In contrast to other remediation operations, Qikiqtaaluk is flying in and out of Clyde River airport instead of using the military airstrip on the base. Supplies are being purchased locally and 80 per cent of the on-site workforce is local hires from Clyde River. Flaherty said the operation would purchase more than 165,000 litres of fuel from in Clyde River.

"We are utilizing local in every way we can," Flaherty said.

While the road is still incomplete, Qikiqtaaluk got its equipment to the site by ferrying it across the river in the fall of 2008 and then building a winter access road to move it the rest of the way in May.

On-site, the main concern is dealing with chemical contaminants.
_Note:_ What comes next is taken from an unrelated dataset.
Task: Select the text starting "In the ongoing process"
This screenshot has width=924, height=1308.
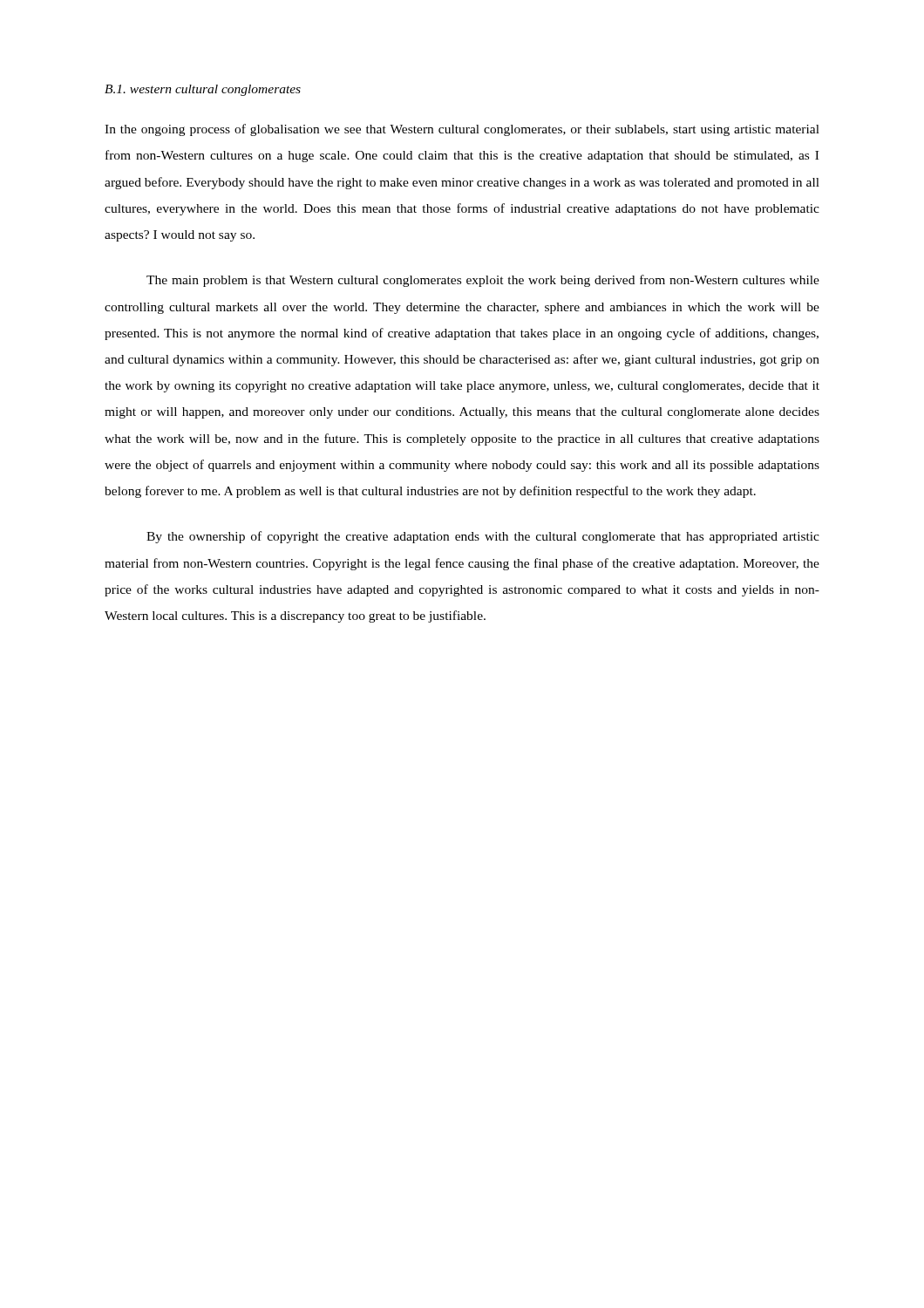Action: [462, 182]
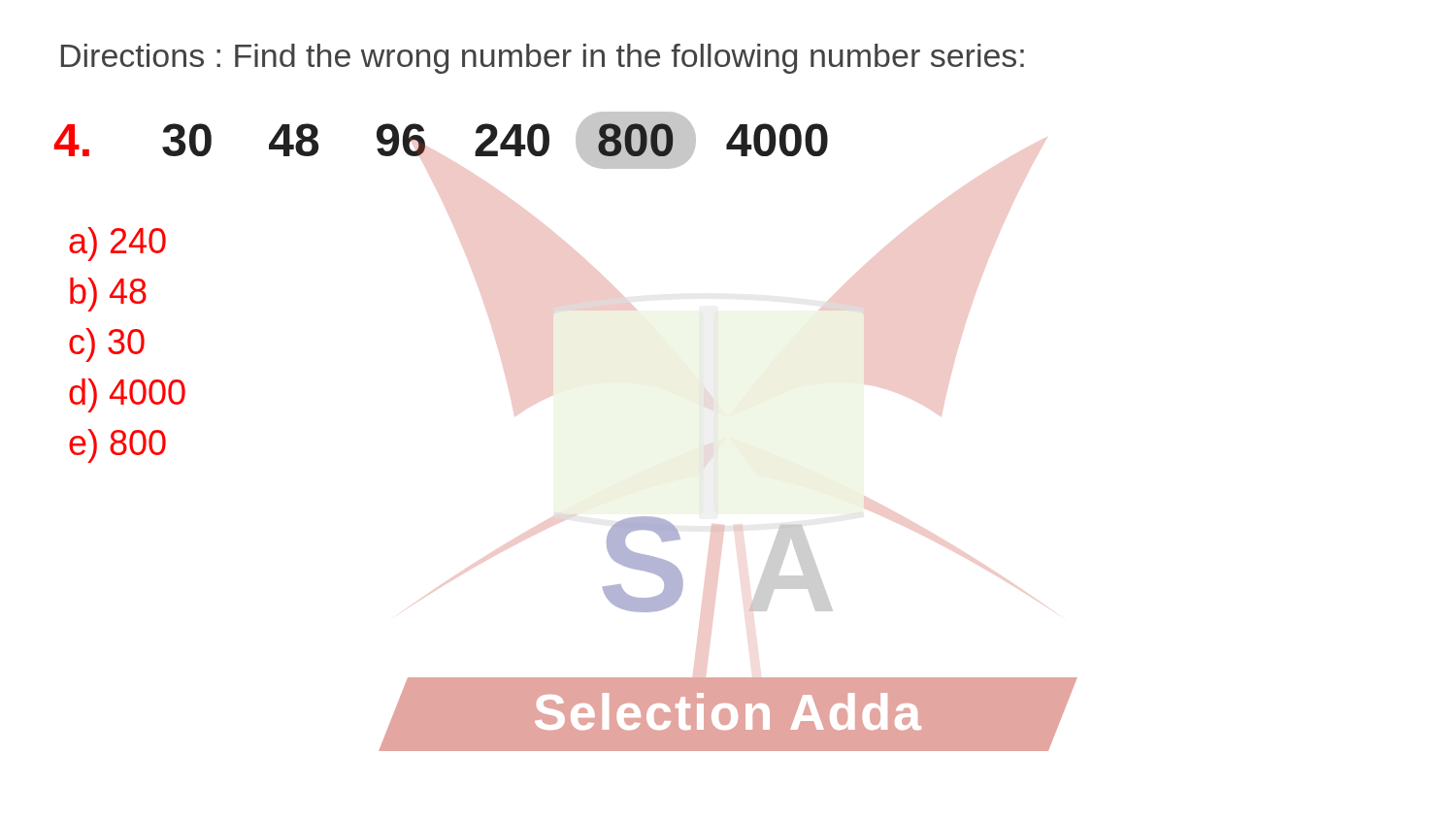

The old building was lined with asbestos and much of its interior paint contains PCBs. The building is being demolished and Qikiqtaaluk is creating a landfill to contain the chemicals. The most severely toxic materials will be shipped south by sealift.

After the cleanup, the site will be monitored for 25 years to make sure the landfill structure stays intact and there's no leakage of chemicals into the groundwater. About 3,000 cubic metres of fuel-contaminated soil will be gathered into a land farm, fertilized and rotated every week so soil micro-organisms can break down the fuel.

"We want to be careful we don't give them anything that's hazardous or potentially contaminated," said Natalie Plato, director of contaminated sites and programs for the federal Department of Indian and Northern Affairs.

Qikiqtaaluk is absorbing the cost of the bridge and road construction, in part because it strengthened the company's proposal to INAC for the clean-up contract.

Most of the old military sites in need of cleanup are far from any community, so such direct community involvement is not possible in such cases, Plato said.